One way of thinking about investing is as one of the world’s most complex, enigmatic problems with infinite and highly variable solutions.
So my answer: everything matters. But not everything matters equally.
Those of you that I’ve discussed process with know that I view capital markets as a complex adaptive system wherein competitive advantages evolve over time.
In the 1940’s one could make a fortune by simply buying companies trading for less than the combined value of their cash and liquidated assets. But others got wise. In the 1980’s one could make a fortune by levering up businesses with debt to juice their equity returns. Then others got wise. In the 1990’s one could make a fortune using complex business valuation variables to determine what was cheap and buying or selling accordingly. Then others got wise. This pattern has repeated over and over, and it will continue.
An unpopular but strongly-held belief: avoid investors that have a dogmatic, highly repeatable process. If their process is repeatable enough and profitable enough, it will be copied, to the detriment of future returns [4].
Perhaps the biggest dogma of the past 5-10 years has been simply buying the market (e.g. an S&P 500 index fund) and leaving it alone. This has absolutely been one of the best performing strategies of the past decade, and, as I’ve said before, a good option for people who would otherwise treat capital markets like casinos. But some forget that the strategy returned exactly 0% in the prior decade. Or that the significant majority of stocks within the index have actually performed poorly, but a few monster performers have more than compensated for the poor performance of the majority.
What’s next? It’s anyone’s guess.
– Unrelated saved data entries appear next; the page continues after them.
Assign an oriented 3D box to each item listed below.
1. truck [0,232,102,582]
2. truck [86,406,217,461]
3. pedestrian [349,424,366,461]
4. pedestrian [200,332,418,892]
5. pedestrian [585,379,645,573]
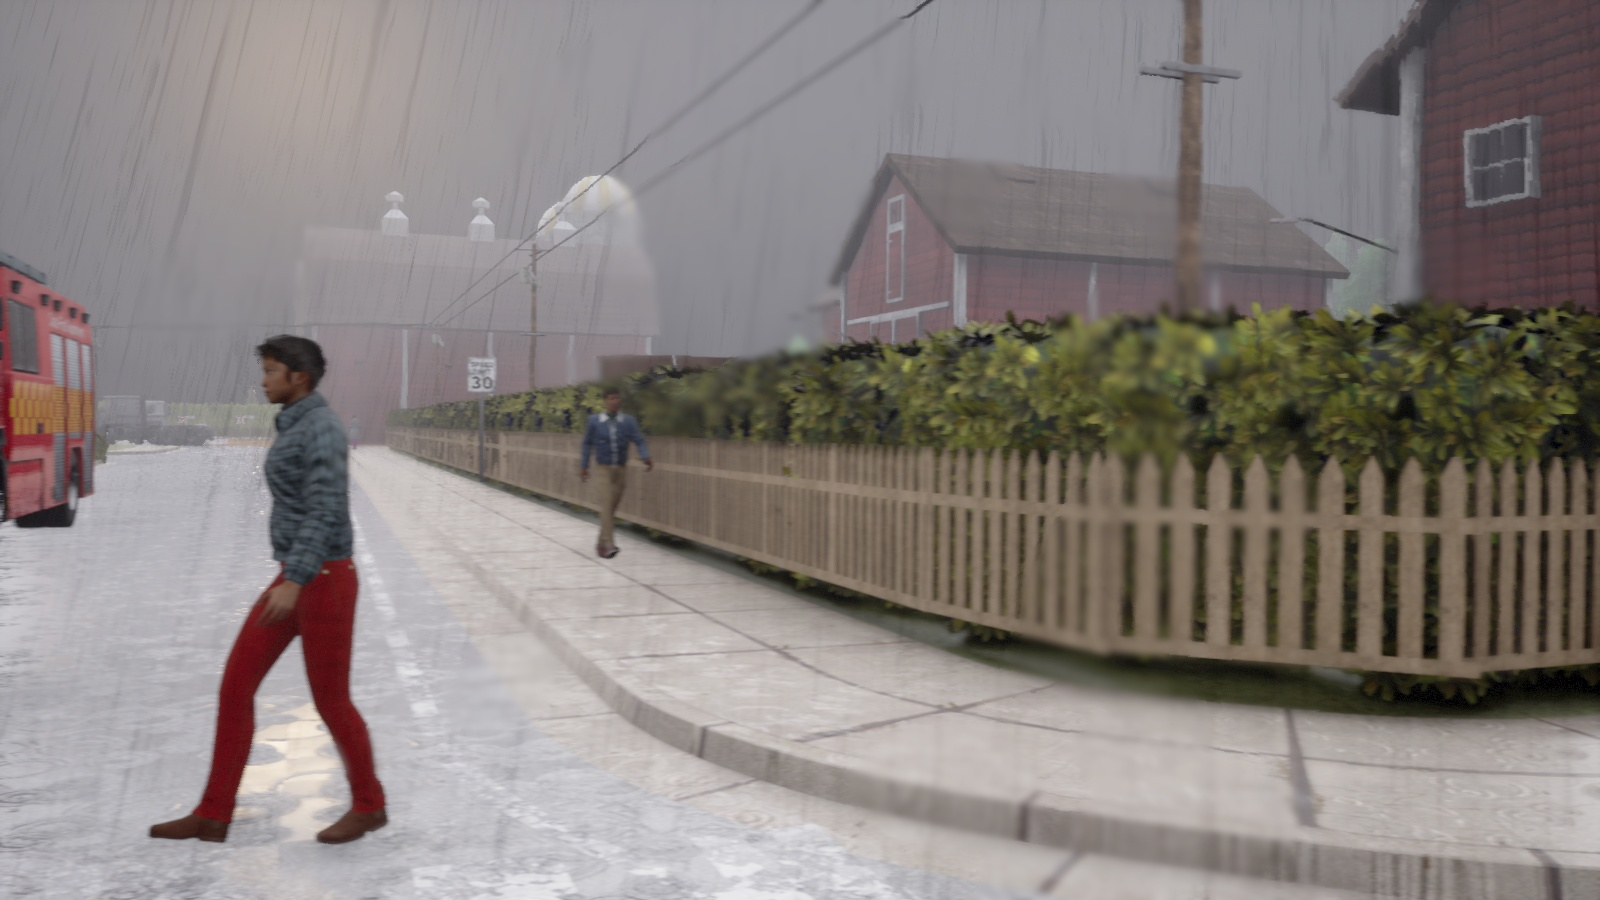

But this is why there is no substitute for applying practical wisdom, reasoning from first principles, seeking wonderful businesses at reasonable prices, and playing the long game.
Some are maddened by the complex and enigmatic nature of investing in capital markets.
I think it’s the greatest game on earth.
Updates and reminders
All partner updates and resources are available on our portal. These include the full team that serves the fund, our investment philosophy, and will shortly include a link to on-demand statements. I will provide further details in next month’s update.
As always please feel free to reach out to discuss the above or anything else (details below).
All the best,
John
Founder and Managing Partner
Notes and references
[1] https://www.multpl.com/shiller-pe
[2] https://www.cnbc.com/2017/09/28/american-airlines-i-dont-think-were-ever-going-to-lose-money-again.html
[3]
[4] There are exceptions, of course. A major exception is patient capital willing to ignore the short-term vicissitudes of the market. Most investors aren’t very patient, so patient strategies can repeatedly perform well.